_REQUIRED WORK:_
When you write out the listing below, keep each word exactly as it stands and drop the pictures.

↓

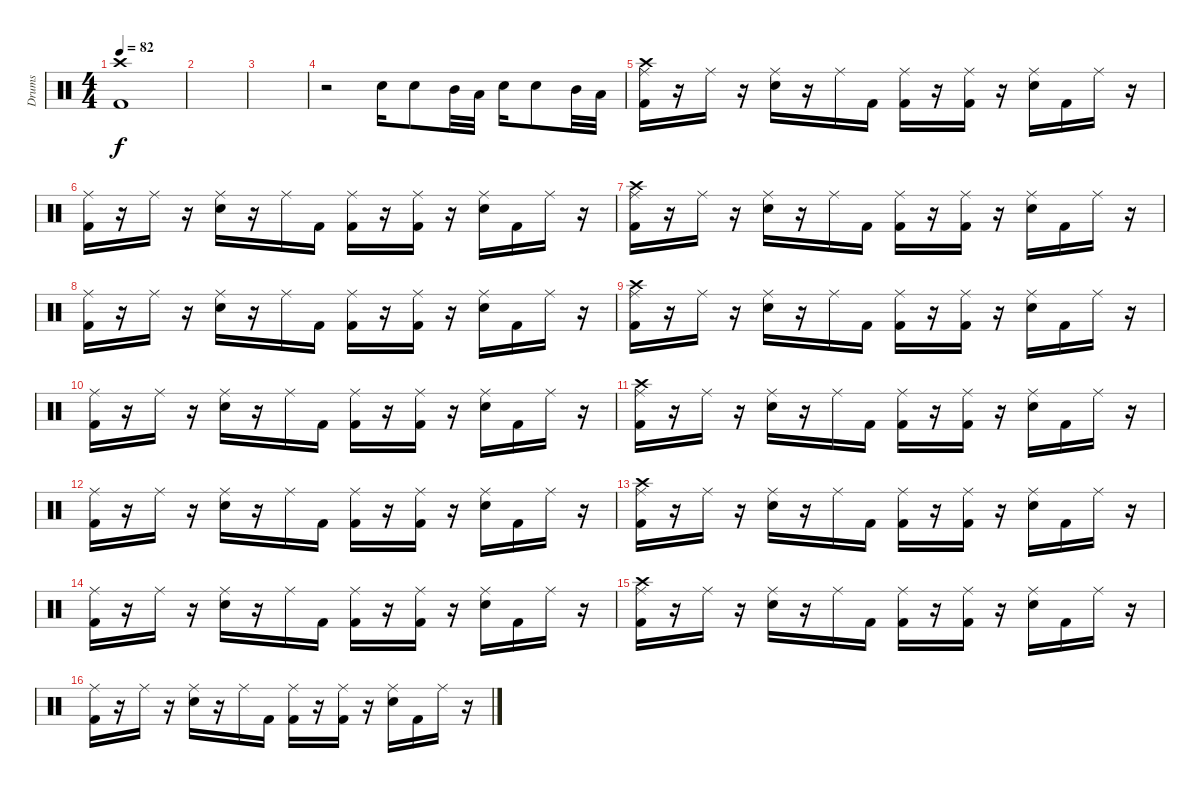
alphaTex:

\track ("Drums" "Drums") {instrument percussion}
\staff {score}
\articulation defaults
\ts (4 4)
\tempo 82
\clef neutral
\ks c
("Crash high (hit)" "Kick (hit) 2").1{dy f} |
|
|
r.2 "Snare (hit) 2".16 "Snare (hit) 2".8 "Mid Tom (hit)".32 "Low Tom (hit)".32 "Snare (hit) 2".16 "Snare (hit) 2".8 "Mid Tom (hit)".32 "Low Tom (hit)".32 |
("Crash high (hit)" "Ride (middle)" "Kick (hit) 2").16 r.16 "Ride (middle)".16 r.16 ("Ride (middle)" "Snare (hit) 2").16 r.16 "Ride (middle)".16 "Kick (hit) 2".16 ("Ride (middle)" "Kick (hit) 2").16 r.16 ("Ride (middle)" "Kick (hit) 2").16 r.16 ("Ride (middle)" "Snare (hit) 2").16 "Kick (hit) 2".16 "Ride (middle)".16 r.16 |
("Ride (middle)" "Kick (hit) 2").16 r.16 "Ride (middle)".16 r.16 ("Ride (middle)" "Snare (hit) 2").16 r.16 "Ride (middle)".16 "Kick (hit) 2".16 ("Ride (middle)" "Kick (hit) 2").16 r.16 ("Ride (middle)" "Kick (hit) 2").16 r.16 ("Ride (middle)" "Snare (hit) 2").16 "Kick (hit) 2".16 "Ride (middle)".16 r.16 |
("Crash high (hit)" "Ride (middle)" "Kick (hit) 2").16 r.16 "Ride (middle)".16 r.16 ("Ride (middle)" "Snare (hit) 2").16 r.16 "Ride (middle)".16 "Kick (hit) 2".16 ("Ride (middle)" "Kick (hit) 2").16 r.16 ("Ride (middle)" "Kick (hit) 2").16 r.16 ("Ride (middle)" "Snare (hit) 2").16 "Kick (hit) 2".16 "Ride (middle)".16 r.16 |
("Ride (middle)" "Kick (hit) 2").16 r.16 "Ride (middle)".16 r.16 ("Ride (middle)" "Snare (hit) 2").16 r.16 "Ride (middle)".16 "Kick (hit) 2".16 ("Ride (middle)" "Kick (hit) 2").16 r.16 ("Ride (middle)" "Kick (hit) 2").16 r.16 ("Ride (middle)" "Snare (hit) 2").16 "Kick (hit) 2".16 "Ride (middle)".16 r.16 |
("Crash high (hit)" "Ride (middle)" "Kick (hit) 2").16 r.16 "Ride (middle)".16 r.16 ("Ride (middle)" "Snare (hit) 2").16 r.16 "Ride (middle)".16 "Kick (hit) 2".16 ("Ride (middle)" "Kick (hit) 2").16 r.16 ("Ride (middle)" "Kick (hit) 2").16 r.16 ("Ride (middle)" "Snare (hit) 2").16 "Kick (hit) 2".16 "Ride (middle)".16 r.16 |
("Ride (middle)" "Kick (hit) 2").16 r.16 "Ride (middle)".16 r.16 ("Ride (middle)" "Snare (hit) 2").16 r.16 "Ride (middle)".16 "Kick (hit) 2".16 ("Ride (middle)" "Kick (hit) 2").16 r.16 ("Ride (middle)" "Kick (hit) 2").16 r.16 ("Ride (middle)" "Snare (hit) 2").16 "Kick (hit) 2".16 "Ride (middle)".16 r.16 |
("Crash high (hit)" "Ride (middle)" "Kick (hit) 2").16 r.16 "Ride (middle)".16 r.16 ("Ride (middle)" "Snare (hit) 2").16 r.16 "Ride (middle)".16 "Kick (hit) 2".16 ("Ride (middle)" "Kick (hit) 2").16 r.16 ("Ride (middle)" "Kick (hit) 2").16 r.16 ("Ride (middle)" "Snare (hit) 2").16 "Kick (hit) 2".16 "Ride (middle)".16 r.16 |
("Ride (middle)" "Kick (hit) 2").16 r.16 "Ride (middle)".16 r.16 ("Ride (middle)" "Snare (hit) 2").16 r.16 "Ride (middle)".16 "Kick (hit) 2".16 ("Ride (middle)" "Kick (hit) 2").16 r.16 ("Ride (middle)" "Kick (hit) 2").16 r.16 ("Ride (middle)" "Snare (hit) 2").16 "Kick (hit) 2".16 "Ride (middle)".16 r.16 |
("Crash high (hit)" "Ride (middle)" "Kick (hit) 2").16 r.16 "Ride (middle)".16 r.16 ("Ride (middle)" "Snare (hit) 2").16 r.16 "Ride (middle)".16 "Kick (hit) 2".16 ("Ride (middle)" "Kick (hit) 2").16 r.16 ("Ride (middle)" "Kick (hit) 2").16 r.16 ("Ride (middle)" "Snare (hit) 2").16 "Kick (hit) 2".16 "Ride (middle)".16 r.16 |
("Ride (middle)" "Kick (hit) 2").16 r.16 "Ride (middle)".16 r.16 ("Ride (middle)" "Snare (hit) 2").16 r.16 "Ride (middle)".16 "Kick (hit) 2".16 ("Ride (middle)" "Kick (hit) 2").16 r.16 ("Ride (middle)" "Kick (hit) 2").16 r.16 ("Ride (middle)" "Snare (hit) 2").16 "Kick (hit) 2".16 "Ride (middle)".16 r.16 |
("Crash high (hit)" "Ride (middle)" "Kick (hit) 2").16 r.16 "Ride (middle)".16 r.16 ("Ride (middle)" "Snare (hit) 2").16 r.16 "Ride (middle)".16 "Kick (hit) 2".16 ("Ride (middle)" "Kick (hit) 2").16 r.16 ("Ride (middle)" "Kick (hit) 2").16 r.16 ("Ride (middle)" "Snare (hit) 2").16 "Kick (hit) 2".16 "Ride (middle)".16 r.16 |
("Ride (middle)" "Kick (hit) 2").16 r.16 "Ride (middle)".16 r.16 ("Ride (middle)" "Snare (hit) 2").16 r.16 "Ride (middle)".16 "Kick (hit) 2".16 ("Ride (middle)" "Kick (hit) 2").16 r.16 ("Ride (middle)" "Kick (hit) 2").16 r.16 ("Ride (middle)" "Snare (hit) 2").16 "Kick (hit) 2".16 "Ride (middle)".16 r.16

↑

_ANSWER TO THE PROBLEM:_
alphaTex:

\track ("Drums" "Drums") {instrument percussion}
\staff {score}
\articulation defaults
\ts (4 4)
\tempo 82
\clef neutral
\ks c
("Crash high (hit)" "Kick (hit) 2").1{dy f} |
|
|
r.2 "Snare (hit) 2".16 "Snare (hit) 2".8 "Mid Tom (hit)".32 "Low Tom (hit)".32 "Snare (hit) 2".16 "Snare (hit) 2".8 "Mid Tom (hit)".32 "Low Tom (hit)".32 |
("Crash high (hit)" "Ride (middle)" "Kick (hit) 2").16 r.16 "Ride (middle)".16 r.16 ("Ride (middle)" "Snare (hit) 2").16 r.16 "Ride (middle)".16 "Kick (hit) 2".16 ("Ride (middle)" "Kick (hit) 2").16 r.16 ("Ride (middle)" "Kick (hit) 2").16 r.16 ("Ride (middle)" "Snare (hit) 2").16 "Kick (hit) 2".16 "Ride (middle)".16 r.16 |
("Ride (middle)" "Kick (hit) 2").16 r.16 "Ride (middle)".16 r.16 ("Ride (middle)" "Snare (hit) 2").16 r.16 "Ride (middle)".16 "Kick (hit) 2".16 ("Ride (middle)" "Kick (hit) 2").16 r.16 ("Ride (middle)" "Kick (hit) 2").16 r.16 ("Ride (middle)" "Snare (hit) 2").16 "Kick (hit) 2".16 "Ride (middle)".16 r.16 |
("Crash high (hit)" "Ride (middle)" "Kick (hit) 2").16 r.16 "Ride (middle)".16 r.16 ("Ride (middle)" "Snare (hit) 2").16 r.16 "Ride (middle)".16 "Kick (hit) 2".16 ("Ride (middle)" "Kick (hit) 2").16 r.16 ("Ride (middle)" "Kick (hit) 2").16 r.16 ("Ride (middle)" "Snare (hit) 2").16 "Kick (hit) 2".16 "Ride (middle)".16 r.16 |
("Ride (middle)" "Kick (hit) 2").16 r.16 "Ride (middle)".16 r.16 ("Ride (middle)" "Snare (hit) 2").16 r.16 "Ride (middle)".16 "Kick (hit) 2".16 ("Ride (middle)" "Kick (hit) 2").16 r.16 ("Ride (middle)" "Kick (hit) 2").16 r.16 ("Ride (middle)" "Snare (hit) 2").16 "Kick (hit) 2".16 "Ride (middle)".16 r.16 |
("Crash high (hit)" "Ride (middle)" "Kick (hit) 2").16 r.16 "Ride (middle)".16 r.16 ("Ride (middle)" "Snare (hit) 2").16 r.16 "Ride (middle)".16 "Kick (hit) 2".16 ("Ride (middle)" "Kick (hit) 2").16 r.16 ("Ride (middle)" "Kick (hit) 2").16 r.16 ("Ride (middle)" "Snare (hit) 2").16 "Kick (hit) 2".16 "Ride (middle)".16 r.16 |
("Ride (middle)" "Kick (hit) 2").16 r.16 "Ride (middle)".16 r.16 ("Ride (middle)" "Snare (hit) 2").16 r.16 "Ride (middle)".16 "Kick (hit) 2".16 ("Ride (middle)" "Kick (hit) 2").16 r.16 ("Ride (middle)" "Kick (hit) 2").16 r.16 ("Ride (middle)" "Snare (hit) 2").16 "Kick (hit) 2".16 "Ride (middle)".16 r.16 |
("Crash high (hit)" "Ride (middle)" "Kick (hit) 2").16 r.16 "Ride (middle)".16 r.16 ("Ride (middle)" "Snare (hit) 2").16 r.16 "Ride (middle)".16 "Kick (hit) 2".16 ("Ride (middle)" "Kick (hit) 2").16 r.16 ("Ride (middle)" "Kick (hit) 2").16 r.16 ("Ride (middle)" "Snare (hit) 2").16 "Kick (hit) 2".16 "Ride (middle)".16 r.16 |
("Ride (middle)" "Kick (hit) 2").16 r.16 "Ride (middle)".16 r.16 ("Ride (middle)" "Snare (hit) 2").16 r.16 "Ride (middle)".16 "Kick (hit) 2".16 ("Ride (middle)" "Kick (hit) 2").16 r.16 ("Ride (middle)" "Kick (hit) 2").16 r.16 ("Ride (middle)" "Snare (hit) 2").16 "Kick (hit) 2".16 "Ride (middle)".16 r.16 |
("Crash high (hit)" "Ride (middle)" "Kick (hit) 2").16 r.16 "Ride (middle)".16 r.16 ("Ride (middle)" "Snare (hit) 2").16 r.16 "Ride (middle)".16 "Kick (hit) 2".16 ("Ride (middle)" "Kick (hit) 2").16 r.16 ("Ride (middle)" "Kick (hit) 2").16 r.16 ("Ride (middle)" "Snare (hit) 2").16 "Kick (hit) 2".16 "Ride (middle)".16 r.16 |
("Ride (middle)" "Kick (hit) 2").16 r.16 "Ride (middle)".16 r.16 ("Ride (middle)" "Snare (hit) 2").16 r.16 "Ride (middle)".16 "Kick (hit) 2".16 ("Ride (middle)" "Kick (hit) 2").16 r.16 ("Ride (middle)" "Kick (hit) 2").16 r.16 ("Ride (middle)" "Snare (hit) 2").16 "Kick (hit) 2".16 "Ride (middle)".16 r.16 |
("Crash high (hit)" "Ride (middle)" "Kick (hit) 2").16 r.16 "Ride (middle)".16 r.16 ("Ride (middle)" "Snare (hit) 2").16 r.16 "Ride (middle)".16 "Kick (hit) 2".16 ("Ride (middle)" "Kick (hit) 2").16 r.16 ("Ride (middle)" "Kick (hit) 2").16 r.16 ("Ride (middle)" "Snare (hit) 2").16 "Kick (hit) 2".16 "Ride (middle)".16 r.16 |
("Ride (middle)" "Kick (hit) 2").16 r.16 "Ride (middle)".16 r.16 ("Ride (middle)" "Snare (hit) 2").16 r.16 "Ride (middle)".16 "Kick (hit) 2".16 ("Ride (middle)" "Kick (hit) 2").16 r.16 ("Ride (middle)" "Kick (hit) 2").16 r.16 ("Ride (middle)" "Snare (hit) 2").16 "Kick (hit) 2".16 "Ride (middle)".16 r.16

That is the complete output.